→ **Directions for this task**:
Filter these entries so that only lines with the word "example" remain.

[Extracted data entries]
....

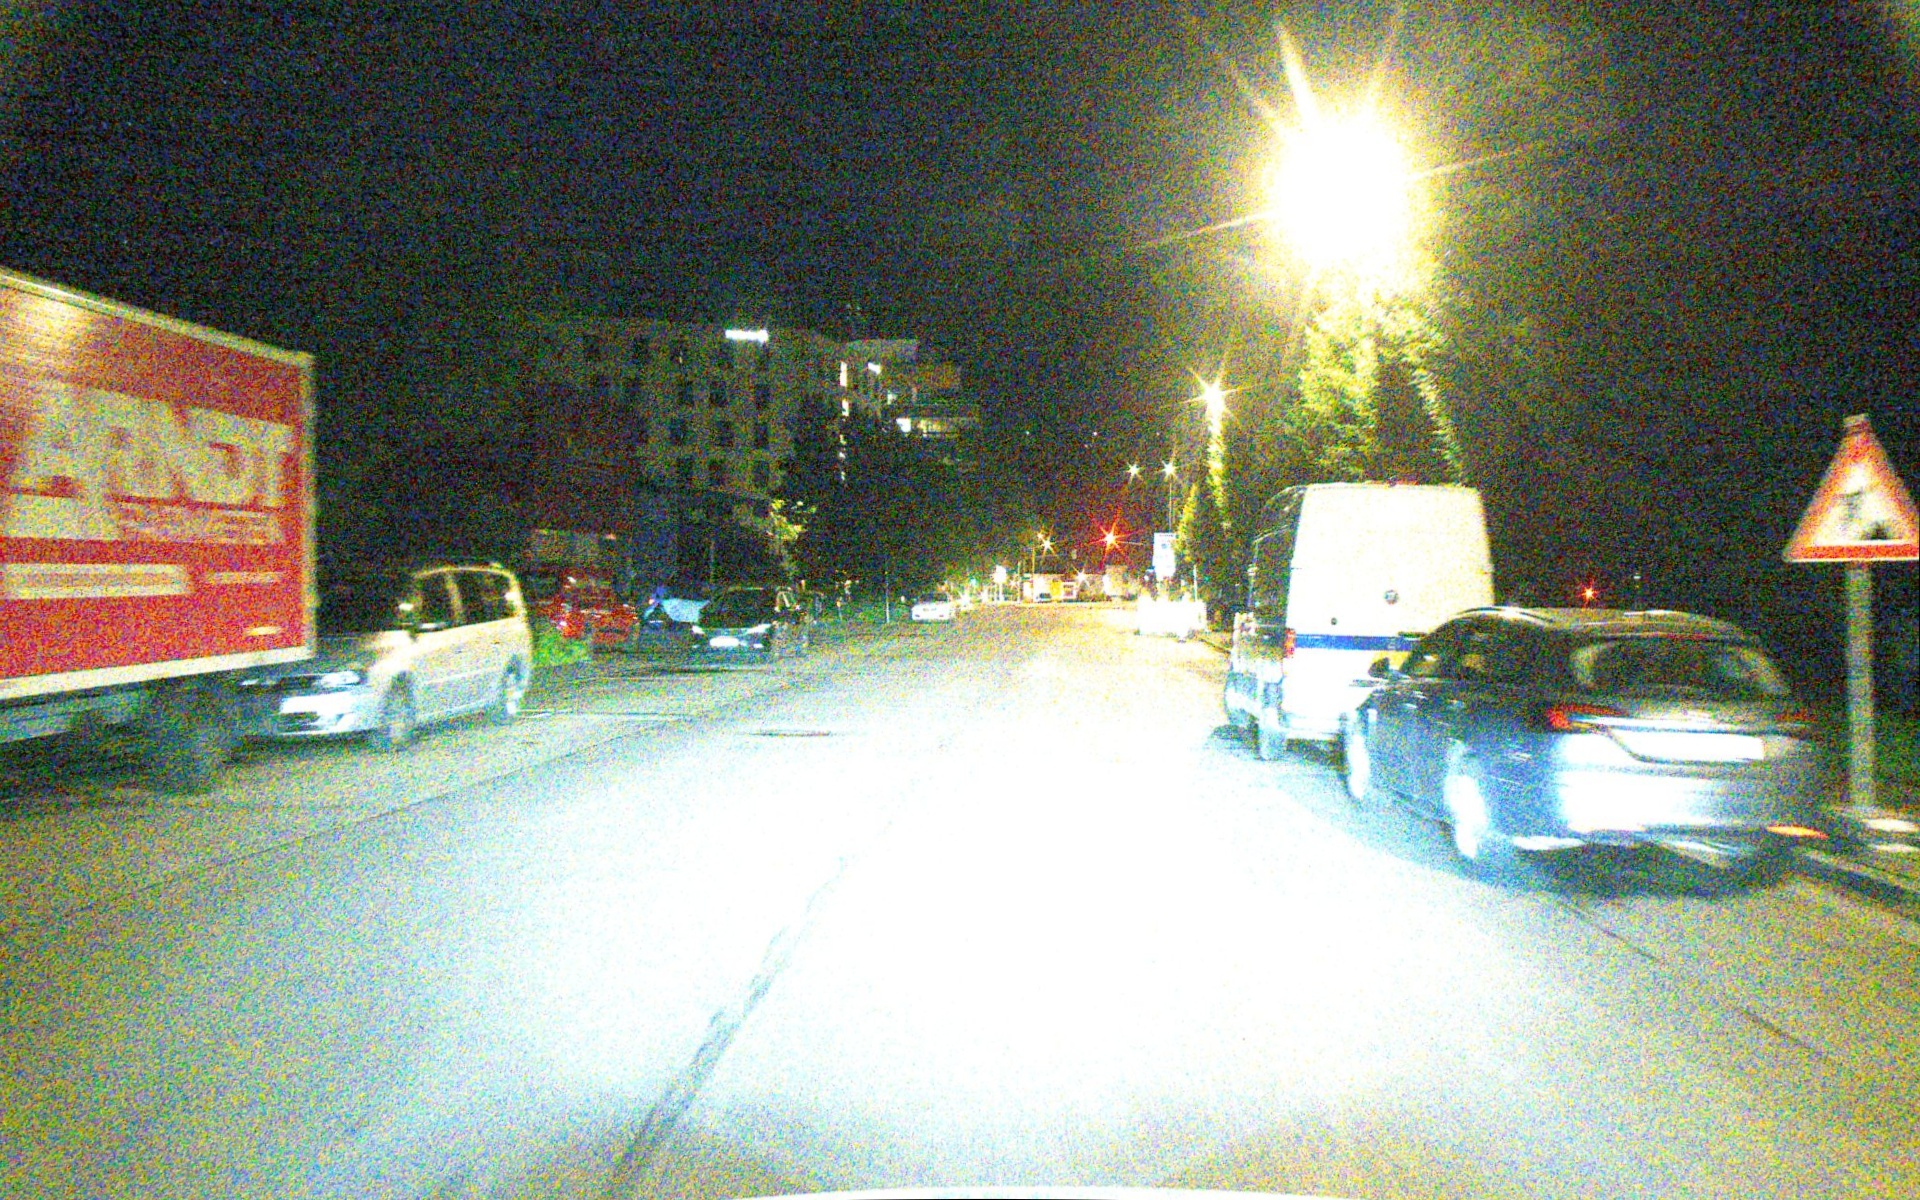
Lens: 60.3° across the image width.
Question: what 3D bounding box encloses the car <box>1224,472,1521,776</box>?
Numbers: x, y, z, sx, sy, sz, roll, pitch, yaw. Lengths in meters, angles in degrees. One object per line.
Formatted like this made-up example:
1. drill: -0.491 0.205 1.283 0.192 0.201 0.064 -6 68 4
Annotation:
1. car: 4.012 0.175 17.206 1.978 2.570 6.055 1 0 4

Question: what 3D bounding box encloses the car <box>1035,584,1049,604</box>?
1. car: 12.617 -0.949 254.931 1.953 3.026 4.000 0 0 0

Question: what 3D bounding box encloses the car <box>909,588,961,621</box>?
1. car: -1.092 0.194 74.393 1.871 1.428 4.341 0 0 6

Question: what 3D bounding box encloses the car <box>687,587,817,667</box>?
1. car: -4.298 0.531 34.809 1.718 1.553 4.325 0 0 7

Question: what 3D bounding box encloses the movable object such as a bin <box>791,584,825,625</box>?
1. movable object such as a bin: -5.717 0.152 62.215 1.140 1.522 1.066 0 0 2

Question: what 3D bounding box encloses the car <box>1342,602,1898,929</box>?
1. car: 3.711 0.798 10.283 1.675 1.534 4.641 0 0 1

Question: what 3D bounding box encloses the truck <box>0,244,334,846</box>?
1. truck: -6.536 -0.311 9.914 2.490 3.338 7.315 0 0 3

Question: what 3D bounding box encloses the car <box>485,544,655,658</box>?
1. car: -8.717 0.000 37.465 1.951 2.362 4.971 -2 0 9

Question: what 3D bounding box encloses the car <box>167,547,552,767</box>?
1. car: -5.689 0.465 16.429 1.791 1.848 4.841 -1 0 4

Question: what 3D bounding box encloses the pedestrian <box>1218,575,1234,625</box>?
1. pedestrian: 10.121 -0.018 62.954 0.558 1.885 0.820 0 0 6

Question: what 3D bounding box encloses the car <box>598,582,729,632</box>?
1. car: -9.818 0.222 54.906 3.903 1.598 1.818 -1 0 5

....

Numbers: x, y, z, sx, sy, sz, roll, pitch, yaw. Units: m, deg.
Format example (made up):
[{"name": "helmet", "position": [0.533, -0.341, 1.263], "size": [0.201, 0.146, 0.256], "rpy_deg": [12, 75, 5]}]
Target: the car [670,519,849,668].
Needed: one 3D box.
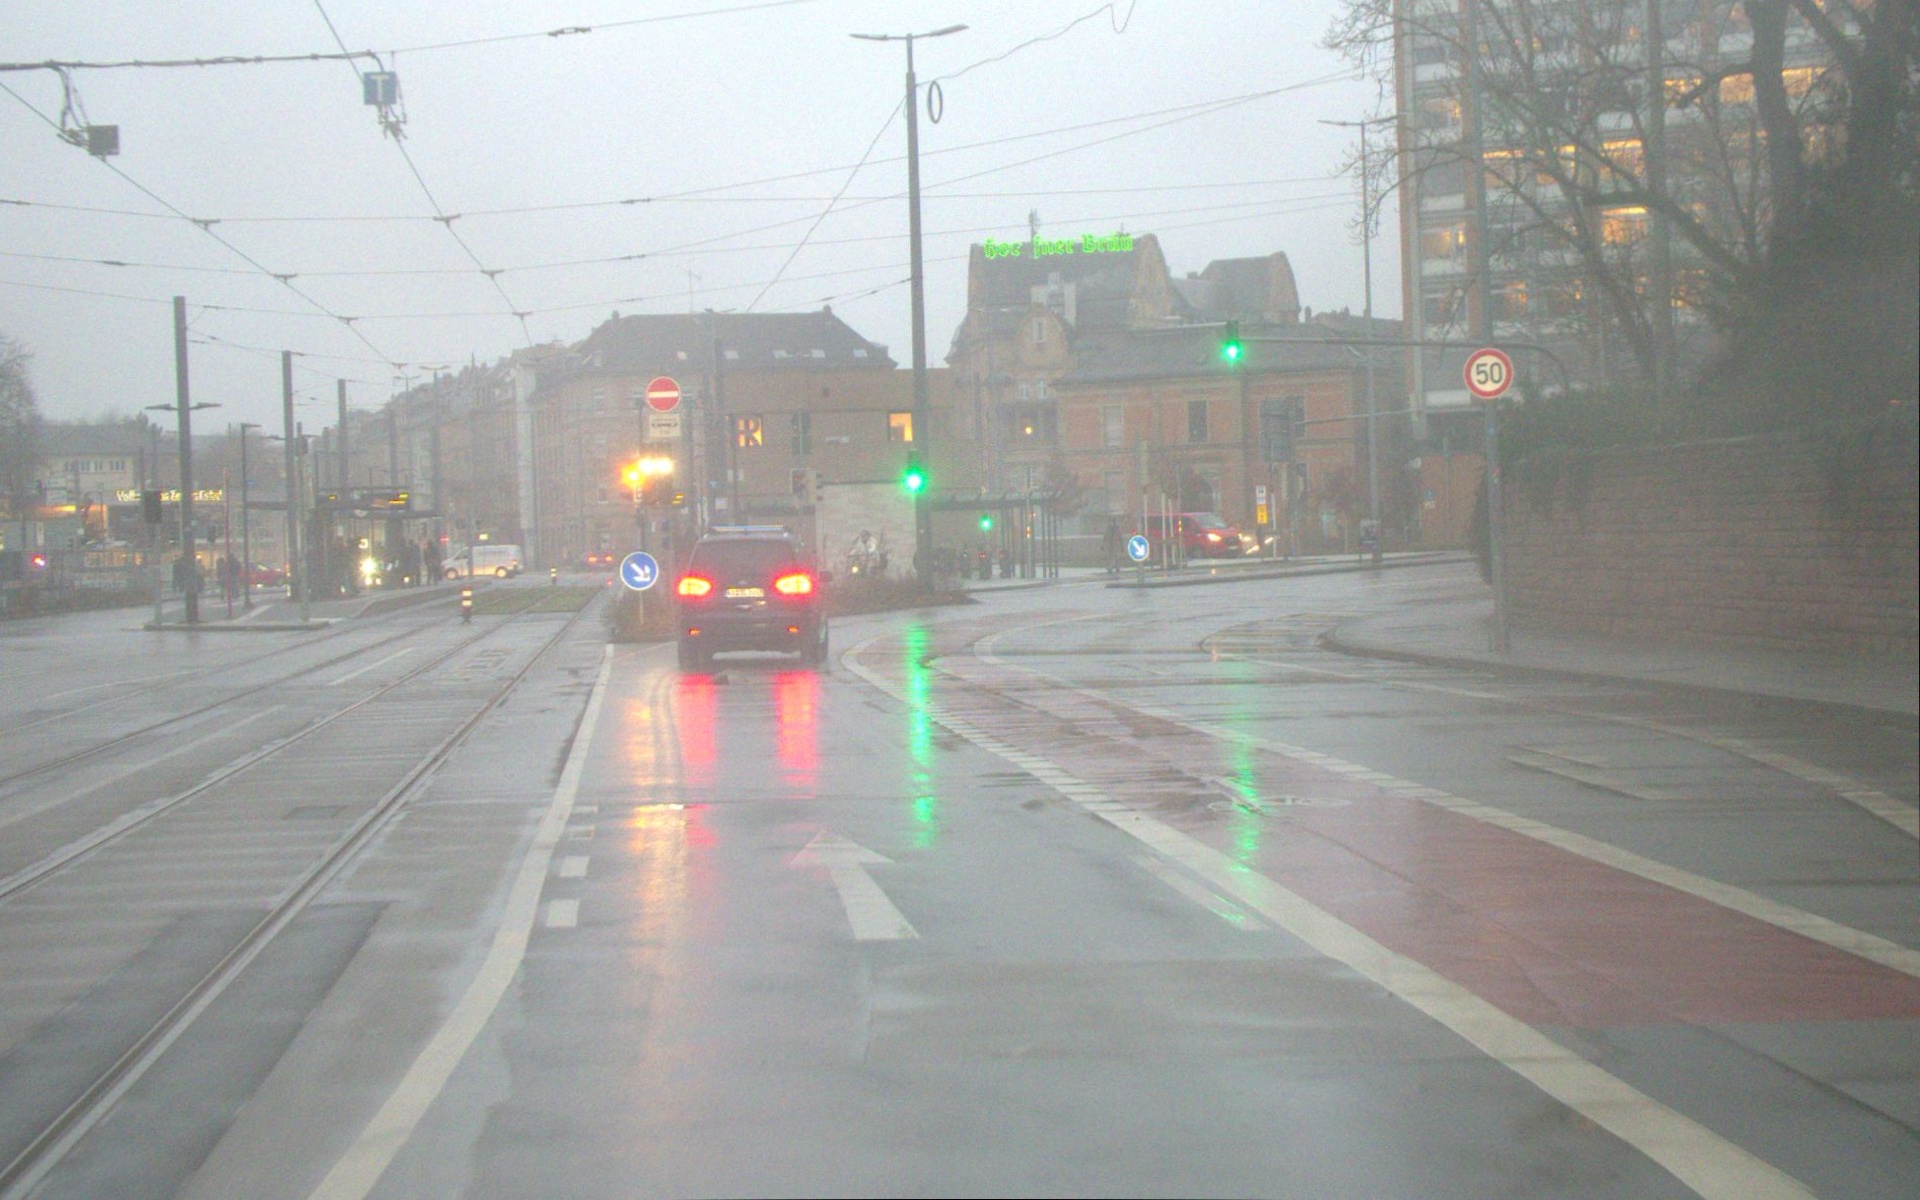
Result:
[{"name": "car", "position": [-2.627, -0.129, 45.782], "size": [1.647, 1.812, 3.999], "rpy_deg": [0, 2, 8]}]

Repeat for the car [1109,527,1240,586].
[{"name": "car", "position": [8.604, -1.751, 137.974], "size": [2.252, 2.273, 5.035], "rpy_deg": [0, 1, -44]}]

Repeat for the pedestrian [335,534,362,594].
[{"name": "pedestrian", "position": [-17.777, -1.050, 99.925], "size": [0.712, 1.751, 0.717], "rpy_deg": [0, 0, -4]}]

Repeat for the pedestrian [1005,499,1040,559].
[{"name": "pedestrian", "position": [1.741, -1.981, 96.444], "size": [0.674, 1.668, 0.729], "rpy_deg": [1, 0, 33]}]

....

→ **Response box**:
Formatted like this made-up example:
Format example (made up):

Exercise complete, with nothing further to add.